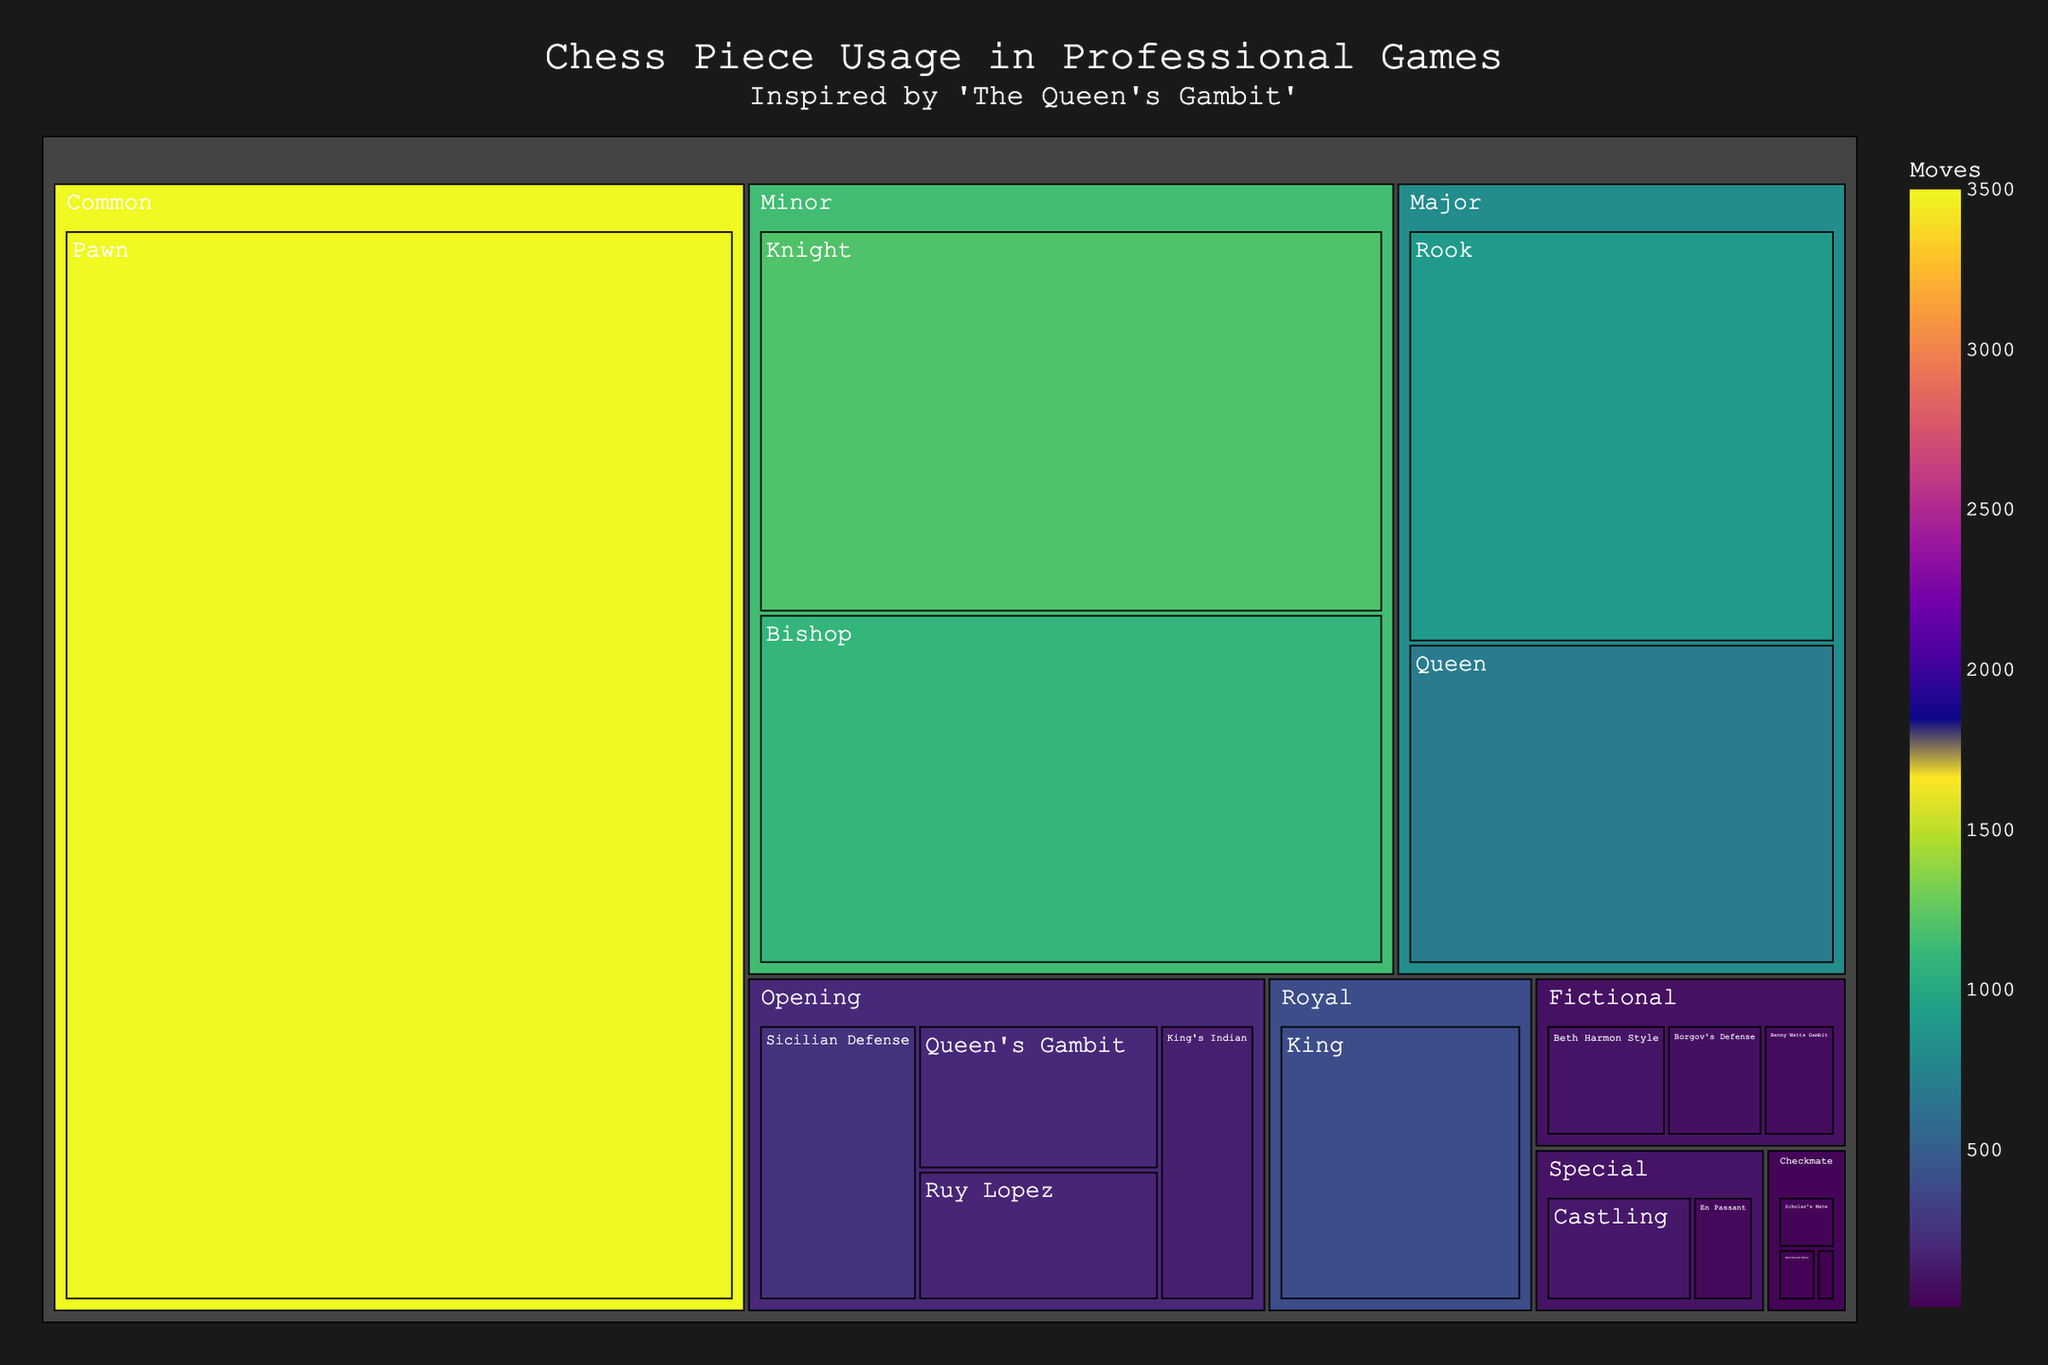Which chess piece category has the highest number of moves? By examining the treemap, we can see that the 'Common' category (Pawn) has the highest value in terms of move frequency, indicated by the largest area and highest color intensity in the plot.
Answer: Common Which checkmate type has the least number of moves? The treemap shows 'Fool's Mate' as the checkmate type with the smallest area and lowest color intensity among the checkmate types, indicating that it has the least number of moves.
Answer: Fool's Mate How many moves are made by major pieces in total? To find the total moves for major pieces, we sum the moves of the 'Rook' and 'Queen' within the 'Major' category. The Rook has 900 moves and the Queen has 700 moves, so the total is 900 + 700.
Answer: 1600 What is the difference in the number of moves between 'Pawn' and 'Knight'? The 'Pawn' has 3500 moves and the 'Knight' has 1200 moves. The difference is calculated by subtracting the Knight's moves from the Pawn's moves: 3500 - 1200.
Answer: 2300 Which opening has the highest number of moves? By examining the 'Opening' category, we can identify that 'Sicilian Defense' has the highest number of moves, indicated by the largest area and highest color intensity within its category.
Answer: Sicilian Defense What is the combined number of moves for 'King's Indian' and 'Ruy Lopez' openings? To find the combined number of moves, we add 'King's Indian' (150 moves) and 'Ruy Lopez' (180 moves). The total is 150 + 180.
Answer: 330 Which category has the piece 'Beth Harmon Style'? The treemap identifies 'Beth Harmon Style' under the 'Fictional' category, as represented in the fictional elements inspired by 'The Queen's Gambit'.
Answer: Fictional Compare the number of moves for 'Castling' and 'En Passant'. Which is greater and by how much? By examining the 'Special' category, 'Castling' has 120 moves, while 'En Passant' has 50 moves. To find out which is greater and by how much, we subtract 50 from 120: 120 - 50.
Answer: Castling, by 70 Which piece in the 'Minor' category has the highest number of moves? Within the 'Minor' category, the Knight has 1200 moves, while the Bishop has 1100. Therefore, the Knight has the highest number of moves in the Minor category.
Answer: Knight

*YOUR TASK*.
Say how many lines above include "Defense". The number alone is the answer.

*SOLVED PROBLEM*.
2